Definition: Scikit-learn utility that tests all possible combinations of hyperparameters in a defined grid, using cross-validation to evaluate each combination, and returns best parameters with best performance.

Purpose: Automatically optimize hyperparameters without guesswork or manual trial-and-error.

Why here: Standard and systematic way to select best hyperparameters. "Grid search" tests the Cartesian product of all params — e.g. [100,200] × [3,5,7] × [0.05,0.1,0.2] × [0.8,1.0] = 2×3×3×2 = 36 combinations. Each evaluated with 5-fold cross-validation, so 36 × 5 = 180 total trained models.

GridSearchCV tests ALL 36 hyperparameter combinations (the Cartesian product) with 5-fold cross-validation for each. For each combination, it trains the model 5 times on different train/validation splits and averages the score. Then returns the combination with best average CV score. It's brute-force but guarantees finding the best combination in the grid. With n_jobs=-1, all 180 models train in parallel on all CPU cores.

📖 Term: Variable Importance (feature importance)

Definition: Measure of each feature's impact on model predictions. Multiple ways to calculate it: importance based on tree splits (information gain), or permutation_importance which measures performance drop if you randomly shuffle that feature.

Purpose: Understand which features contribute most to predictions and identify useless features.

Why here: Feature importance helps interpret black-box models (Gradient Boosting) and identify features you could remove without performance loss.
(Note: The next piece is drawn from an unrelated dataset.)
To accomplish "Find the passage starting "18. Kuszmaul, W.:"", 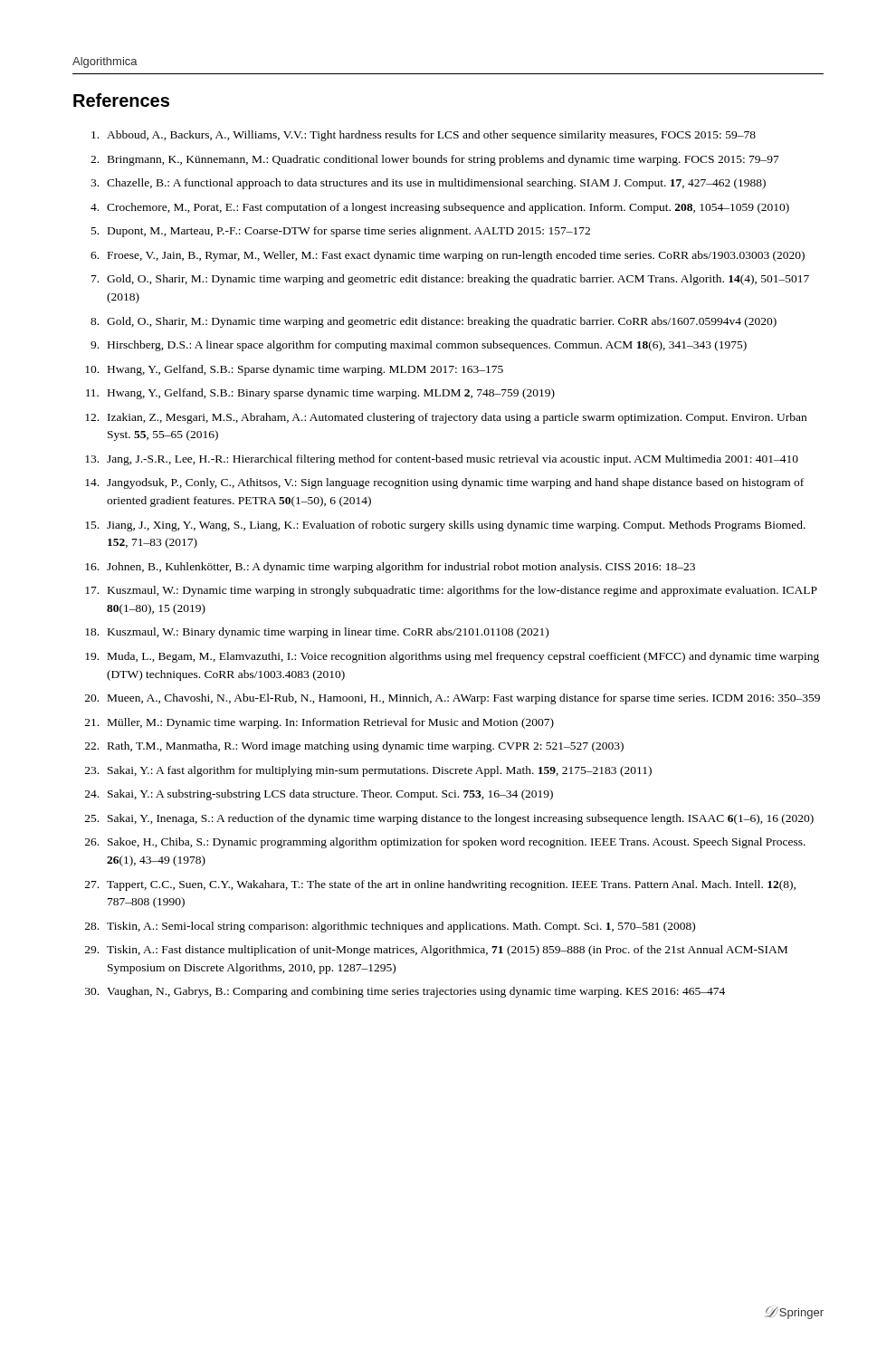I will click(448, 632).
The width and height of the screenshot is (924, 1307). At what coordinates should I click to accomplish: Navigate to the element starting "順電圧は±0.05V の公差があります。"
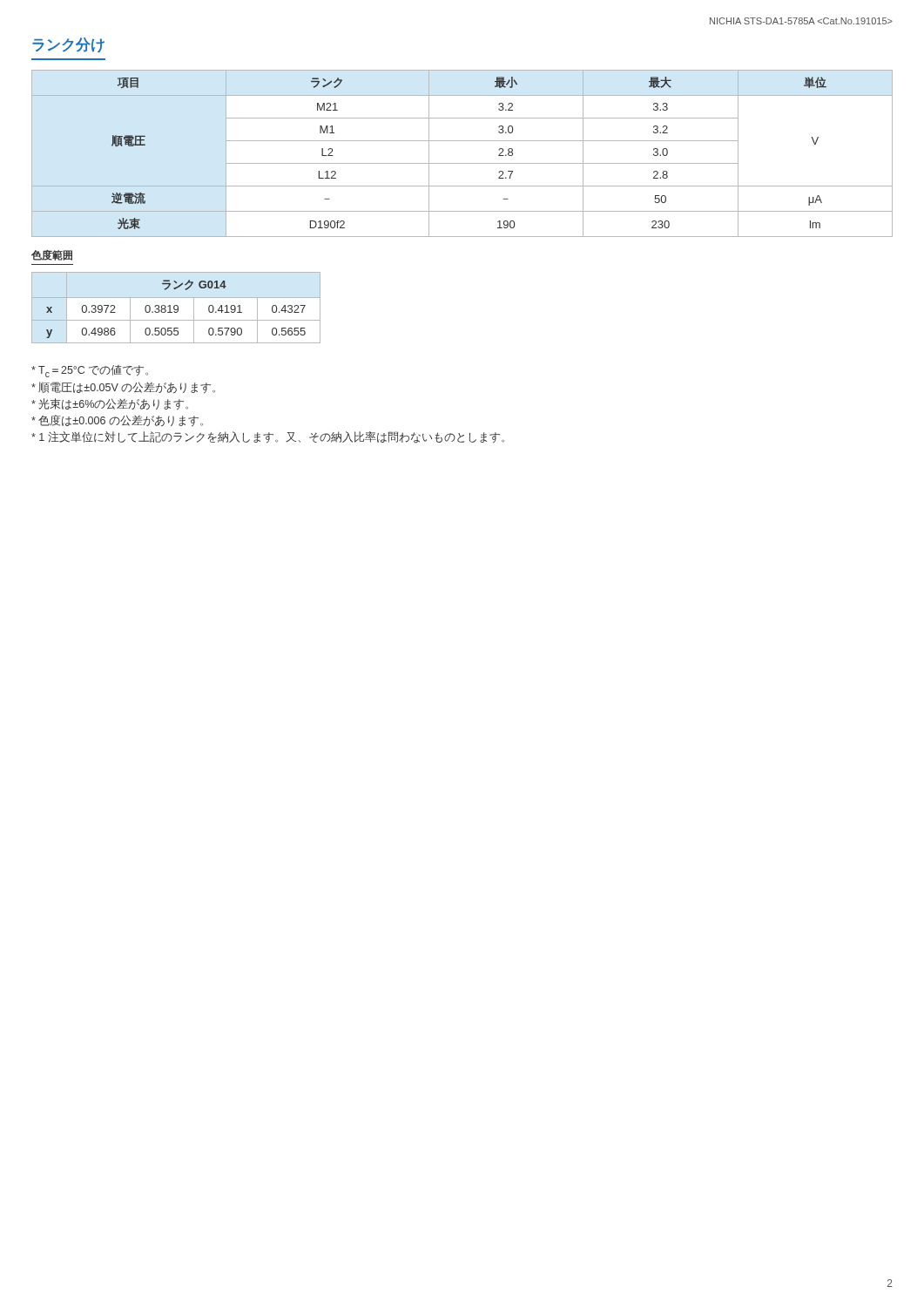tap(123, 388)

Permutation importance is model-agnostic and more reliable than tree-based importance.

5. Save and reuse the model

5_deployment.py

import joblib
import numpy as np

# ── Save the complete pipeline ──
joblib.dump(best_model, 'housing_model.pkl')
print("✅ Model saved")

# ── Load and use ──
loaded_model = joblib.load('housing_model.pkl')

# Predict for a new house
# [MedInc, HouseAge, AveRooms, AveBedrms, Population, AveOccup, Lat, Long, ...]
new_house = pd.DataFrame([{
    'MedInc': 5.5,        # Median income $55K
    'HouseAge': 15,       # 15 years
    'AveRooms': 6.0,
    'AveBedrms': 1.1,
    'Population': 1500,
    'AveOccup': 3.0,
    'Latitude': 37.5,
    'Longitude': -122.0,
    'rooms_per_household': 2.0,
    'bedrooms_ratio': 0.18,
    'population_per_household': 500,
    'income_per_room': 0.92,
    'log_population': np.log1p(1500)
}])

predicted_price = loaded_model.predict(new_house)[0]
print(f"Predicted price: ${predicted_price * 100_000:,.0f}")
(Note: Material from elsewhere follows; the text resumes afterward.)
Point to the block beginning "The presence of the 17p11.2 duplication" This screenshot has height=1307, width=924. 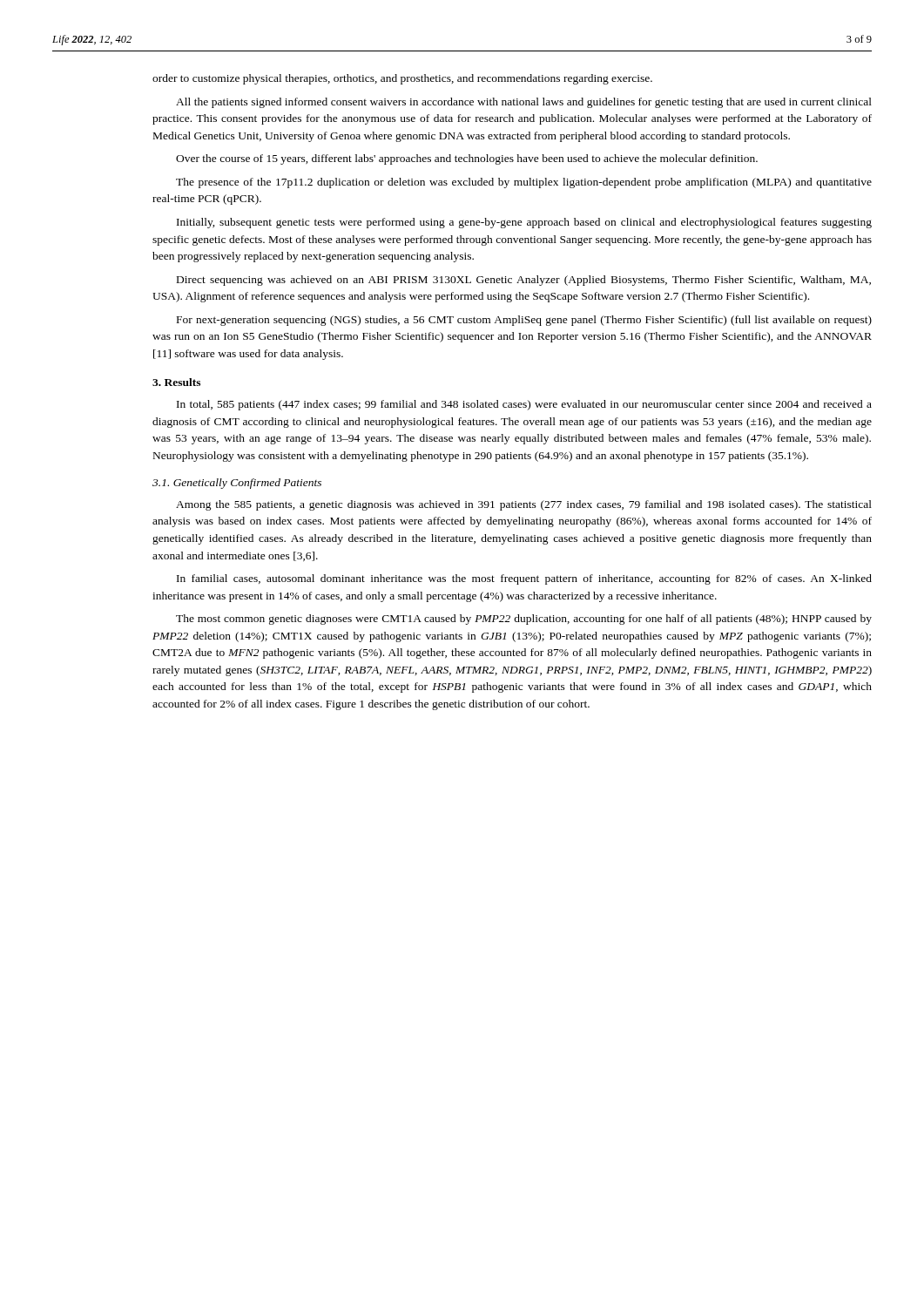coord(512,190)

This block shows how to save the trained model with joblib (pickle format .pkl), then load and use it for predictions in production. The entire Pipeline — preprocessing (imputation + normalization) + model (Gradient Boosting) — is serialized in one file. This ensures future predictions use exactly the same normalization and model, preventing train/prod discrepancies.

Save the complete Pipeline (not just model) for production. If you saved only the model without preprocessing, you'd have to remember to normalize each new prediction before sending to model — guaranteed source of bugs (forgetting normalization or using wrong mean/std).

📖 Term: Regularization

Definition: Technique that adds a penalty to model coefficients during training to keep it simple and avoid overfitting. Ridge (L2) adds sum of squared coefficients, Lasso (L1) adds sum of absolute values.

Purpose: Reduce overfitting by penalizing complex models with high weights.

Why here: Ridge and Lasso are basic regularized regression models. Ridge adds soft penalty (keep all coefficients but reduce magnitude), Lasso can force some coefficients exactly to zero (automatic feature selection). L2 (Ridge) is numerically more stable, L1 (Lasso) is more interpretable (natural zeros).